La responsabilité change un homme. J’étais abattu. Me voilà à nouveau efficace. Je conduis dans un état second, mon corps accomplissant ce que je lui ai demandé, conduire, tandis que mon esprit trie tout ce qu’il s’est passé aujourd’hui. Je demande à Clémentine, assise à l’arrière avec ses trois garçons contre elle :
̎ - Ils cherchent quelque chose, quelque chose que Bob lui a donné. Ils vont continuer tant qu’on n’aura pas trouvé ce que c’est. Tu es sûre que Seb n’a rien rapporté hier ?
- Je ne sais pas. Mais après l’école, quand il est reparti, il a pris son sac d’observation, avec les jumelles, l’appareil photo, ses notes. C’est peut-être caché dedans. C’est un sac à dos marron, mais je ne sais pas s’il était à la maison, ou alors si ces… ces gens l’ont pris.
- Ça n’est pas grave. N’y pense plus pour l’instant, on arrive. ̎
Mais moi, j’y repense. On installe nos hôtes dans la chambre d’ami, tous les quatre dans le même lit. Cléa a sorti toute sa panoplie d’huiles essentielles pour bien dormir, et on laisse trois garçons et leur maman se coucher dans des parfums de fleurs de mandarine, la porte ouverte sur le couloir qui restera éclairé toute la nuit, comme une balise qui rassure dans la tempête.

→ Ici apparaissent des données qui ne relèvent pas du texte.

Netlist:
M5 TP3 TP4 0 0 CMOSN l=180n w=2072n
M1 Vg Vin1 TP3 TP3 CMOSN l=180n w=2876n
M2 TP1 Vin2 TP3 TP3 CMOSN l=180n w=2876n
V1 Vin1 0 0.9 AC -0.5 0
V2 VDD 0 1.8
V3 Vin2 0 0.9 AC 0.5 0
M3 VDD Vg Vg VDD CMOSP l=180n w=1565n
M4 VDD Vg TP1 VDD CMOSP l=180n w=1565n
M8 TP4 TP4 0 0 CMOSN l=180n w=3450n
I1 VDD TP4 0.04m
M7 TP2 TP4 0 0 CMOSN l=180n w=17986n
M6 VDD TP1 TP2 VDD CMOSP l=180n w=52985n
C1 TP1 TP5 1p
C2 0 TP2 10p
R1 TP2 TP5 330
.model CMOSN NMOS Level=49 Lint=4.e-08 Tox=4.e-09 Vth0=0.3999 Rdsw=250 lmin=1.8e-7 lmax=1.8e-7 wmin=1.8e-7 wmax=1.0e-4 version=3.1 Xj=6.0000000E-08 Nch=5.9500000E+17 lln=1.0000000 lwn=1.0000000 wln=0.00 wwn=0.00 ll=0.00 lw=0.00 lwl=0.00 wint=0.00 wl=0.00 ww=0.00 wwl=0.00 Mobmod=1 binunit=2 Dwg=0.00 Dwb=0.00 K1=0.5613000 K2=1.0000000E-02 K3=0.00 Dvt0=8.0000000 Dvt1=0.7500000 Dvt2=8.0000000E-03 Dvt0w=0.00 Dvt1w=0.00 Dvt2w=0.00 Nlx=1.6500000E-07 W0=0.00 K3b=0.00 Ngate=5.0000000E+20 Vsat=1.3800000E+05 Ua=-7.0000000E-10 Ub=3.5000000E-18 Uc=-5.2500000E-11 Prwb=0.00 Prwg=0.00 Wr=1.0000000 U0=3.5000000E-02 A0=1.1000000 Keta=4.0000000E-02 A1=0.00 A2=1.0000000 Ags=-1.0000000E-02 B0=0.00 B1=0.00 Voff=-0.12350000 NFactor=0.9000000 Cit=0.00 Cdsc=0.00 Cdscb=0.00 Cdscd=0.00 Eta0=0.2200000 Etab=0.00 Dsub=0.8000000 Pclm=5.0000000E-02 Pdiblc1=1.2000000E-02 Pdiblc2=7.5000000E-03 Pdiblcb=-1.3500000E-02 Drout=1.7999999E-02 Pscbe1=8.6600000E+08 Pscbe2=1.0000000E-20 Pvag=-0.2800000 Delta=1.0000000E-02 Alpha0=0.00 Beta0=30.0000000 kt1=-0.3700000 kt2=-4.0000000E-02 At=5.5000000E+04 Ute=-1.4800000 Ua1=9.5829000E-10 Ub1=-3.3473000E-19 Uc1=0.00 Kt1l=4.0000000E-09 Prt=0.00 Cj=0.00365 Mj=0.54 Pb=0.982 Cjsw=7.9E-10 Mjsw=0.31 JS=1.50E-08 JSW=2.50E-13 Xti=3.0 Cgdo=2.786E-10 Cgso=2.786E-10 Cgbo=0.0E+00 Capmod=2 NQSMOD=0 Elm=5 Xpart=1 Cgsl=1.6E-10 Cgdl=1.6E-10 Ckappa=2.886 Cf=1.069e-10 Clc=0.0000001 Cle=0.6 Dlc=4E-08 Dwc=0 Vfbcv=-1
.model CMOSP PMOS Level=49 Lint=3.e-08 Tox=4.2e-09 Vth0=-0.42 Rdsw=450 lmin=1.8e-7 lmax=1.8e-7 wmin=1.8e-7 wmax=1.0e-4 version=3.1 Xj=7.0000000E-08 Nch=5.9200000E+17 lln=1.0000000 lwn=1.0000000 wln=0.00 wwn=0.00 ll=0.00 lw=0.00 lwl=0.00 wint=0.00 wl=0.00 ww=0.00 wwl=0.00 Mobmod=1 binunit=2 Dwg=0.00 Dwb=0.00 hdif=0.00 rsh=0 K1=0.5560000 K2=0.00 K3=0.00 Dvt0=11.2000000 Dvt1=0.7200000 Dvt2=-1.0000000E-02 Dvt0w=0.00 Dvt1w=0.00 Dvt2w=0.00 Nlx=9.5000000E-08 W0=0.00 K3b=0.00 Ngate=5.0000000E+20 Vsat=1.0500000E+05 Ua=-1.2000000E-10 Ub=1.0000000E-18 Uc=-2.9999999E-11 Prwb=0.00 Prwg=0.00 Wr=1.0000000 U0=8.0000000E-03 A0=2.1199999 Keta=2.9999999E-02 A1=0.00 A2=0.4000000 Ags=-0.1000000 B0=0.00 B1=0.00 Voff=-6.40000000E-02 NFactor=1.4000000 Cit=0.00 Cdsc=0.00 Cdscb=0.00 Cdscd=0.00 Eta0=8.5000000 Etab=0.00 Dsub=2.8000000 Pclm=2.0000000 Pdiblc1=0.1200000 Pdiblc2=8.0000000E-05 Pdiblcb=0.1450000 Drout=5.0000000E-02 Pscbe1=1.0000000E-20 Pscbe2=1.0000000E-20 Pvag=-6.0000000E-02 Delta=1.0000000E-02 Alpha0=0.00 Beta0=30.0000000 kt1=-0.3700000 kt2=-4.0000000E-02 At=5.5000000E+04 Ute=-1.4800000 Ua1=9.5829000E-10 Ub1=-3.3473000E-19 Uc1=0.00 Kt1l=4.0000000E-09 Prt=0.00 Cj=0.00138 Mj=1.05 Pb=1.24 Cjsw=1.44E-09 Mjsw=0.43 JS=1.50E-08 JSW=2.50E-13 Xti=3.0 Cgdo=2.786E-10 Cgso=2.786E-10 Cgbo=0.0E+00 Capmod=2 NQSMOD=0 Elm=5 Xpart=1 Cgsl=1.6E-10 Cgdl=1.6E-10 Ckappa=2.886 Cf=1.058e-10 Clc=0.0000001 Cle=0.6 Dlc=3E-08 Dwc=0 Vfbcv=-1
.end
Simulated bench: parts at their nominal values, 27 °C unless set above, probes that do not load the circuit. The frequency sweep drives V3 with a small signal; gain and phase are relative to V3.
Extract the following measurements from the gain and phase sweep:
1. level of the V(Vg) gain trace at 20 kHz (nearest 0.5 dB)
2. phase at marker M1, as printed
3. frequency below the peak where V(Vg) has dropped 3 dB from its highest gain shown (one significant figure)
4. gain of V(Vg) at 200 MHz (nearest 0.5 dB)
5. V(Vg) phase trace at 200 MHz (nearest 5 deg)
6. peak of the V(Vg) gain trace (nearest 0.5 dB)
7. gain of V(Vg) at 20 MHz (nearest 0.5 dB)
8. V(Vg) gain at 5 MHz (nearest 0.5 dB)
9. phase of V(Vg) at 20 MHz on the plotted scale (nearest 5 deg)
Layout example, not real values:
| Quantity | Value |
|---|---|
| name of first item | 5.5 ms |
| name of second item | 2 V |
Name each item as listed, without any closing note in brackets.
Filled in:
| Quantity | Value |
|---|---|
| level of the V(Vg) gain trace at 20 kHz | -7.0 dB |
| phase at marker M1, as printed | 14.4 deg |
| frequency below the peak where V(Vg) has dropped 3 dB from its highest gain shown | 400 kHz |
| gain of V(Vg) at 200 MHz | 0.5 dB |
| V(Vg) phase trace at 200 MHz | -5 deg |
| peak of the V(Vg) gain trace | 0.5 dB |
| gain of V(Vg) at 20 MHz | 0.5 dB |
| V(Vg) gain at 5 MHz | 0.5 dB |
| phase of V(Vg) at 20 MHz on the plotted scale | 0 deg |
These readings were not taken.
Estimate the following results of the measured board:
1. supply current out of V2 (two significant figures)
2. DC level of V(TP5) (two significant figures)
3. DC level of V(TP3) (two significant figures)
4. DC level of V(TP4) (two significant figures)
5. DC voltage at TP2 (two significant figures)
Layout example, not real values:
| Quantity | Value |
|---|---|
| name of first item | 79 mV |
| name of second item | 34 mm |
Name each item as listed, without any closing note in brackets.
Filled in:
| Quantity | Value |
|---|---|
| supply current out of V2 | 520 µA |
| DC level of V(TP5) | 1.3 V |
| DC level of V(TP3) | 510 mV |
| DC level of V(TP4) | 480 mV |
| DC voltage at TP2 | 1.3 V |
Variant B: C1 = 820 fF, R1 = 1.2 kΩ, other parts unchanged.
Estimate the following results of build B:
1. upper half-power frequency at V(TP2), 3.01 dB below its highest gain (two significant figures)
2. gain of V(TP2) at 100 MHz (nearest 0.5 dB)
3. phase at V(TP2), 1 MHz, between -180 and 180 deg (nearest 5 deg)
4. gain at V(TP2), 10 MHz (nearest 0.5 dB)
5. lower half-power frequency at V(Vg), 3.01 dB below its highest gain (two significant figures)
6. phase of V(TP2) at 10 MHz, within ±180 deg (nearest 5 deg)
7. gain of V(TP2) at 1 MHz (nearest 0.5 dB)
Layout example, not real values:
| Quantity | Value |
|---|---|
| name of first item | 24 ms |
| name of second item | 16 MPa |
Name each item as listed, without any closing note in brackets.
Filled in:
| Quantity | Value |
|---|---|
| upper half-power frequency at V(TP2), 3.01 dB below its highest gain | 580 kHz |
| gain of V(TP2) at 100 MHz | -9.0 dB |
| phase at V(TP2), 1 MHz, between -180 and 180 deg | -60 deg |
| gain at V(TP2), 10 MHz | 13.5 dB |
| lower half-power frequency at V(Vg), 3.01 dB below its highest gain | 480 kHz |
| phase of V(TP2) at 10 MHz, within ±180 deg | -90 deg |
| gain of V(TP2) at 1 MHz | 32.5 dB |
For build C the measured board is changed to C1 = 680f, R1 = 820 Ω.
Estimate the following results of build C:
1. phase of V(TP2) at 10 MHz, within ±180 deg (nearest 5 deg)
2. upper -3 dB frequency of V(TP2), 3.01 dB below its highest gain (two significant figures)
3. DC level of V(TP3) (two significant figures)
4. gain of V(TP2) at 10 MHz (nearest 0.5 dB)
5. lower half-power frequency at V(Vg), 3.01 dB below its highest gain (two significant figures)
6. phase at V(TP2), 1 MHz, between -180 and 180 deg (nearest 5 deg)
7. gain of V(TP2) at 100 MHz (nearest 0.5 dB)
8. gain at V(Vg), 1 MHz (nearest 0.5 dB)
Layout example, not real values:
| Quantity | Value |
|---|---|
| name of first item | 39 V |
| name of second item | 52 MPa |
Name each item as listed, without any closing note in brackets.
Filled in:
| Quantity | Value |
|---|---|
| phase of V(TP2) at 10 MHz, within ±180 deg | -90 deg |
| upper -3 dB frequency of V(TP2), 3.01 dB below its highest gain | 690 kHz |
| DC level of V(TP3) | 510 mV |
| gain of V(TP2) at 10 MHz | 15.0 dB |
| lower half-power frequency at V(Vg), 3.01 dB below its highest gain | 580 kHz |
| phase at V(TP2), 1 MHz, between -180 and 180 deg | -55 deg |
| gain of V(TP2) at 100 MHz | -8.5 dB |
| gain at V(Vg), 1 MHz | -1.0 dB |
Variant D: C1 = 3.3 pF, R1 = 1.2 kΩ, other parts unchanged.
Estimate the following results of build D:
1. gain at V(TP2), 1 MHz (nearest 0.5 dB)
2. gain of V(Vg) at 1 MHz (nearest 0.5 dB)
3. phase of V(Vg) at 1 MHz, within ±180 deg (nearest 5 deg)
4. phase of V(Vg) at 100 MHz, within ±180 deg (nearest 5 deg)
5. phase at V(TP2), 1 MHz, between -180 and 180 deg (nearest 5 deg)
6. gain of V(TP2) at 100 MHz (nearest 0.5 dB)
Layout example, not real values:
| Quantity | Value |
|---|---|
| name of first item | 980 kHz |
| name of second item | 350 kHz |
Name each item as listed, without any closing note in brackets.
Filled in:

Je me suis nettoyé et changé. Je me rends alors compte que personne n’a mangé. Cléa me retrouve installé à la table de la cuisine, un verre de vin à portée de main, en train de découper du fromage :
̎ - Seb a vu quelqu’un avant de rentrer, ou alors il n’est pas rentré seul et c’est son tueur qu’il a rencontré. Mais je pense que Bob lui a donné quelque chose hier, et que lui l’a transmis à quelqu’un d’autre aujourd’hui, et le tueur cherche toujours. Je pense que tous les ornithologues du coin devraient faire attention, à présent.
- Et moi, me répond Cléa, je pense que la gendarmerie a dû arriver aux mêmes conclusions que toi, et qu’ils doivent chercher qui il a rencontré aujourd’hui, et qu’ils vont les prévenir. Je pense que tu ne devrais pas t’inquiéter autant et les laisser faire leur travail. Je pense que tu avoir besoin de te reposer. Tu as vu ton ami mort ! C’est un choc, il faut que tu te relâches.
- Je ne crois pas que j’arriverai à dormir.
- Essaye. ̎
Peu après, je me couche surexcité, l’esprit en ébullition. Puis je me mets en boule contre le petit corps chaud de Cléa. D’un coup, je m’endors.
 
Je suis celui qui se lève dans la maison. Ce matin-là ne fait pas exception. Les chattes jouent leur rôle à la perfection, même si par inadvertance, leurs boulettes de beurre sont anormalement grosses aujourd’hui. Elles me pardonneront. Au lieu de plancher sur mon roman, j’ouvre une nouvelle fiche où je résume tout ce qu’il s’est passé depuis la visite de ̎ l’Ankou ̎. Ça tombe bien, c’est jour férié aujourd’hui. Je n’aurai pas eu à cœur de réveiller qui que ce soit. Je ne comprends toujours pas pourquoi l’homme au chapeau s’est montré s’il avait l’intention de tuer autant de personnes. Pour demander sa route ? Avec les plans, les cartes, les GPS ? Ou pour autre chose ?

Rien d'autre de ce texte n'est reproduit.